Eur J Pharmacol. 1991 Feb 14;193(3):357-61. doi: 10.1016/0014-2999(91)90151-f.
The effect of U-50,488H, a selective kappa-receptor agonist, on memory functions in an animal model of cerebral ischemia was investigated by use of a three-panel runway task. A 5-min period of ischemia caused a significant increase in the number of errors (pushes made on the two incorrect panels of the three panel-gates at four choice points) in a working memory task but it did not impair a reference memory task. U-50,488H at 10 and 32 mg/kg, administered i.p. immediately after blood flow restoration significantly reduced the increase in errors expected to occur in a working memory task assessed 24 h after 5 min of ischemia. This protective effect of U-50,488H on amnesia in the ischemic rat was antagonized by the kappa-receptor antagonist, MR-2266. We conclude that U-50,488H prevents the impairment of working memory following transient forebrain ischemia, an event mediated by the activation of the kappa-opioid receptor.

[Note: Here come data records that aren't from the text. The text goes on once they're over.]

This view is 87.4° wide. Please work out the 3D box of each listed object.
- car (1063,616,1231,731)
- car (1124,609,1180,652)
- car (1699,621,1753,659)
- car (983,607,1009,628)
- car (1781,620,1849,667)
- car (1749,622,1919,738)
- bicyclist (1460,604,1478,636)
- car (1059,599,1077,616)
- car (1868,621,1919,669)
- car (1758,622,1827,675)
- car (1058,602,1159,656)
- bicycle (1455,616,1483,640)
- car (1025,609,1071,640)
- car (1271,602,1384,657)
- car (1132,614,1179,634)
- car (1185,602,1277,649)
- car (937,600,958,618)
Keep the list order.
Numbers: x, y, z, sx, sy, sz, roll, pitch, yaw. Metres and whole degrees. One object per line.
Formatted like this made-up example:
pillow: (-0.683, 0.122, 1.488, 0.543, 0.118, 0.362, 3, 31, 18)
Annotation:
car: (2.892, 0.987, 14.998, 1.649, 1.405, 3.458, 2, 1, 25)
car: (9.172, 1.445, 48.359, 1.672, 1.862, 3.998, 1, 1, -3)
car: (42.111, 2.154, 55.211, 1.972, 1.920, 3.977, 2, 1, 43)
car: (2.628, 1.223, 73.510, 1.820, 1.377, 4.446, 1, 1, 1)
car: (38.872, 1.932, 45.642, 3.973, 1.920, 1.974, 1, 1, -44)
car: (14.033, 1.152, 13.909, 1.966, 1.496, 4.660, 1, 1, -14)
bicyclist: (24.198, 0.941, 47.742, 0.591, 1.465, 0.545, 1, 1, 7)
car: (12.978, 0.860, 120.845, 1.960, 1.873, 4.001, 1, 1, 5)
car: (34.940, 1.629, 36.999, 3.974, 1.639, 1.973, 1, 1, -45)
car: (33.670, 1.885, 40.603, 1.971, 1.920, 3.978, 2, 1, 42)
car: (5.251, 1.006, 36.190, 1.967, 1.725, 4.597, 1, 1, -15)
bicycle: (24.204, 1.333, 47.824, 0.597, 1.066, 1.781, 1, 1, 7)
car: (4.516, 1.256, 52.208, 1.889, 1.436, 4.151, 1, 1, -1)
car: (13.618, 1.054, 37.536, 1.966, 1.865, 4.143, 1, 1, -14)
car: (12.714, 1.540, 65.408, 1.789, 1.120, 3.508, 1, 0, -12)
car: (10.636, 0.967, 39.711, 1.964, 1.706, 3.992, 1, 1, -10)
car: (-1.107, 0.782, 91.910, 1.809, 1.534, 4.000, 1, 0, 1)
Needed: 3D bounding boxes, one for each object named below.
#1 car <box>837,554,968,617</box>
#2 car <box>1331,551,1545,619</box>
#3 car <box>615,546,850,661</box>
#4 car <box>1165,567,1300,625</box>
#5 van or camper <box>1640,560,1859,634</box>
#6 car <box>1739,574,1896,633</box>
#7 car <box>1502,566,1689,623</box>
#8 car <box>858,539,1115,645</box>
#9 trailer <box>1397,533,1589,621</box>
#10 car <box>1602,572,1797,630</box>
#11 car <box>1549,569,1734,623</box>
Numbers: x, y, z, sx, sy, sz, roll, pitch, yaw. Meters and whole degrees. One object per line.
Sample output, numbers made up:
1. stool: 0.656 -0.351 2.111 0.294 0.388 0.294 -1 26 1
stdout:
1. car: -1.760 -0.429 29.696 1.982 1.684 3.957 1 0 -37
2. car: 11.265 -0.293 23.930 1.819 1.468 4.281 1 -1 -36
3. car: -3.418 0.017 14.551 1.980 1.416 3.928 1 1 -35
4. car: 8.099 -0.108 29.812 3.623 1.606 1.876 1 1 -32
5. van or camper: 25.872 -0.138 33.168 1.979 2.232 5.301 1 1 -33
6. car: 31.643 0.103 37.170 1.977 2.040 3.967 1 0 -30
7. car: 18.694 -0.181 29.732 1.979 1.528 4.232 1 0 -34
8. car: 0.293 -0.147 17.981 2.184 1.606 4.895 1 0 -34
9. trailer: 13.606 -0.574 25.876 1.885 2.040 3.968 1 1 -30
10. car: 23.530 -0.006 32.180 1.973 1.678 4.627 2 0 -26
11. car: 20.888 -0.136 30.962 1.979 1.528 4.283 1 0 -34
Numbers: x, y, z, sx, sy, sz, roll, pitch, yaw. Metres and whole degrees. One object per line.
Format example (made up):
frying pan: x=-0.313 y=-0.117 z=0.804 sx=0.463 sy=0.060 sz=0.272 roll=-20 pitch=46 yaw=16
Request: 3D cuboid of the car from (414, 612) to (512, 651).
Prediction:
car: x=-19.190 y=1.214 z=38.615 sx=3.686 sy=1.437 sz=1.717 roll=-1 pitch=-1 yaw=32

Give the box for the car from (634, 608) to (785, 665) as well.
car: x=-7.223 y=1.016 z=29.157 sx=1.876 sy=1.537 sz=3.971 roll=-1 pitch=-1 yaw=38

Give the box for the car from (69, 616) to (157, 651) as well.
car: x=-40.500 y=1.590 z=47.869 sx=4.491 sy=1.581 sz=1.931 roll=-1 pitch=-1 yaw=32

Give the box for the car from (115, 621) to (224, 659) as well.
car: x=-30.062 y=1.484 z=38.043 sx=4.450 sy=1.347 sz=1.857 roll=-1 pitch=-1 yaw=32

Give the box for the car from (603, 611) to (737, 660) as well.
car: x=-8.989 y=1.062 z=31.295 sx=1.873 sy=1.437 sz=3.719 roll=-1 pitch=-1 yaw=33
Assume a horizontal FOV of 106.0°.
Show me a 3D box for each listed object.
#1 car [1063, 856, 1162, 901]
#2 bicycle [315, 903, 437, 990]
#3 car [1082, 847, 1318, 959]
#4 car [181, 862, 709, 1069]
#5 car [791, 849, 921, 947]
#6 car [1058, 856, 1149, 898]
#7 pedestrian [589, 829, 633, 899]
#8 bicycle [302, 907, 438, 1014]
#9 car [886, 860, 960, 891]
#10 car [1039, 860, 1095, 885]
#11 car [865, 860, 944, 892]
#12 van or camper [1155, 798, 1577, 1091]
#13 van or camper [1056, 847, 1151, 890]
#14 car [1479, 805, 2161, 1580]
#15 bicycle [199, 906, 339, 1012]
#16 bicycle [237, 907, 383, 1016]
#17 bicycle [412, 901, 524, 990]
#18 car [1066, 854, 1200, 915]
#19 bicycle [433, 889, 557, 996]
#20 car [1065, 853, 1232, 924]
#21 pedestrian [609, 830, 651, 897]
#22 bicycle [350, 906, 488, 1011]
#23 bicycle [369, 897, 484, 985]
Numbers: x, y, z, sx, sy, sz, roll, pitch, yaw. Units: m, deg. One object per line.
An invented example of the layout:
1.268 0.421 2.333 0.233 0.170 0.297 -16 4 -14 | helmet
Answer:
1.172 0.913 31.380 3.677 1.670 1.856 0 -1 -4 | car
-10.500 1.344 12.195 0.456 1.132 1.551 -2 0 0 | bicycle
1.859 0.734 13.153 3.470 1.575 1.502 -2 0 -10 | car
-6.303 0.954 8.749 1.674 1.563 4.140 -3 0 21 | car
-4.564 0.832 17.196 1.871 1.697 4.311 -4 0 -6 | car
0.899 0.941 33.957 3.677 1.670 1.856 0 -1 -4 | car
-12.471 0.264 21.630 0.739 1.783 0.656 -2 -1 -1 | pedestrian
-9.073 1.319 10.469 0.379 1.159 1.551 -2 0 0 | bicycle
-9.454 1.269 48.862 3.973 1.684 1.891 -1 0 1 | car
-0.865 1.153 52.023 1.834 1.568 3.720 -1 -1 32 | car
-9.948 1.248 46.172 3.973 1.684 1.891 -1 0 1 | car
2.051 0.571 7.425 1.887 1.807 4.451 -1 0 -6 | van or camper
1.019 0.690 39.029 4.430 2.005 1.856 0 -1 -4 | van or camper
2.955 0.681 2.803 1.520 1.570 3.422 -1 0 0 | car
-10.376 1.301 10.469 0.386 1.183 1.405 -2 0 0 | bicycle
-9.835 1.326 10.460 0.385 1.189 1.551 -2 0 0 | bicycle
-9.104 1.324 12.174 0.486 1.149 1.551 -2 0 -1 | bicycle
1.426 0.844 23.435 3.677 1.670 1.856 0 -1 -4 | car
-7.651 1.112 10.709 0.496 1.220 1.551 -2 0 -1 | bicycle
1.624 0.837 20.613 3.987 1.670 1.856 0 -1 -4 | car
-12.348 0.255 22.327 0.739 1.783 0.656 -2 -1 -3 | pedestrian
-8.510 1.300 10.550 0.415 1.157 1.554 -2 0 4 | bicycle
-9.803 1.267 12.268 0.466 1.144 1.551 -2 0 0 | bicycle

通过使用三面板跑道任务,研究了选择性κ受体激动剂U - 50,488H对脑缺血动物模型记忆功能的影响。5分钟的缺血期导致工作记忆任务中的错误数量(在四个选择点对三面板门的两个错误面板进行的推动)显著增加,但并未损害参考记忆任务。在血流恢复后立即腹腔注射10和32mg/kg的U - 50,488H,可显著减少预计在缺血5分钟后24小时评估的工作记忆任务中出现的错误增加。κ受体拮抗剂MR - 2266拮抗了U - 50,488H对缺血大鼠失忆症的这种保护作用。我们得出结论,U - 50,488H可预防短暂性前脑缺血后工作记忆的损害,这一事件是由κ阿片受体的激活介导的。